Après sa lecture vous saurez tout sur cette couleur qui n'en a pas toujours été une.

Dans la bible le noir ce sont d'abord les ténèbres, l'enfer et le mal. La lumière est source de vie et manifestation de la présence de dieu. Elle s'oppose aux ténèbres, associées au mal, à l'impiété, à la punition, à l'erreur ou à la souffrance.

En Égypte par contre le noir c'est la fertilité.

Le noir c'est également la nuit, la mort.

Vous saurez pourquoi le corbeau et le sanglier étaient appréciés des Germains et des Romains mais pas des catholiques.

Vous apprendrez la bataille menée sur la nature des couleurs au moyen age qui a mené aux habits des moines blancs ou noirs (cisterciens vs clunisiens, dominicains contre bénédictins, ...)

Vous en saurez plus sur les blasons apparus dans les champs de bataille pour savoir qui était qui... et dans cet art héraldique le noir est nommé "sable". Dans ces blasons, le noir devient une couleur comme les autres.

Même le christianisme rehabilite le noir au travers de st Maurice et de Baltazar.

De fait les grands de ce monde, si ils ne sont pas nobles n'ont pas le droit à la couleur vont choisir le noir pour se vêtir.
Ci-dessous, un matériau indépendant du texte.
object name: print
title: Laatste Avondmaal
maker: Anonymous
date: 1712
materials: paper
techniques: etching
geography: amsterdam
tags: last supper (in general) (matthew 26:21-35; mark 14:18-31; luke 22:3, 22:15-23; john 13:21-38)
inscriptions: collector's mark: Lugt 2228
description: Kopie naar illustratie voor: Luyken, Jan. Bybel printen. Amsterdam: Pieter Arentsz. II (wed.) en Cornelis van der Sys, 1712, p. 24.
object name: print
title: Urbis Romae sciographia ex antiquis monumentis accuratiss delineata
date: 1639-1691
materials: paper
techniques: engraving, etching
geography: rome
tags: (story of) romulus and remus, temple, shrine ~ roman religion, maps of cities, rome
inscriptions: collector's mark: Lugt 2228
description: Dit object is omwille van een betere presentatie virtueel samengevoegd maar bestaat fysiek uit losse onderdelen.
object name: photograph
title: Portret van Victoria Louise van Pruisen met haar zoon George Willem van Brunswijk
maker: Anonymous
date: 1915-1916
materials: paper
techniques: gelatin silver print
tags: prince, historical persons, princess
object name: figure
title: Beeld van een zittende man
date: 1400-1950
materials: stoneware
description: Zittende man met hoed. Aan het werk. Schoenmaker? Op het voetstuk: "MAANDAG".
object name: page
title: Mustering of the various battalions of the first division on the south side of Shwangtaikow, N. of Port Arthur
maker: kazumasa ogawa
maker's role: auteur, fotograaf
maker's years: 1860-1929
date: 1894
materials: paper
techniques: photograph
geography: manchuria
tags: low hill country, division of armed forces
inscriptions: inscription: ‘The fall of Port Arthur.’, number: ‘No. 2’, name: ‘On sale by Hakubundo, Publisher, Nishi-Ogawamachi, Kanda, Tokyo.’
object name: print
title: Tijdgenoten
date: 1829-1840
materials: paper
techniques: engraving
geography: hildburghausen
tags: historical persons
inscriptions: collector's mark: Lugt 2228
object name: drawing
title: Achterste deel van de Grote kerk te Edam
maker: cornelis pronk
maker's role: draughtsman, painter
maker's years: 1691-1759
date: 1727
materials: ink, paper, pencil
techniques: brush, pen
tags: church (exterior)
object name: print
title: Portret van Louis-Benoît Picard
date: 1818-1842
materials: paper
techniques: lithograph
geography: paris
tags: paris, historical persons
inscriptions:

La royauté se l'approprie ensuite avant de passer au gris.

Mais le grand changement c'est l'imprimerie. le monde se sépare désormais en Noir et Blanc d'un côté (les livres, les reproductions) et des couleurs de l'autre. Un art se développe pour représenter les couleurs avec seulement du noir.

Noir et blanc des couleurs à part ou des non couleurs .

Arrive le protestantisme et le noir redevient LA couleur. Humilité = noir, couleurs = frivolité. Les protestants sont iconoclastes et chromoclastes. Cela va également impacter la palette des peintres pendant des siècles comme Rembrandt. Ce puritanisme va aller jusqu'à Ford, qui refusera obstinément de produire des voitures en couleur malgré la demande de la clientèle.

Isaac Newton sera LE découvreur du spectre et de la dispersion de la lumière. Il va démontrer le caractère physique de la couleur.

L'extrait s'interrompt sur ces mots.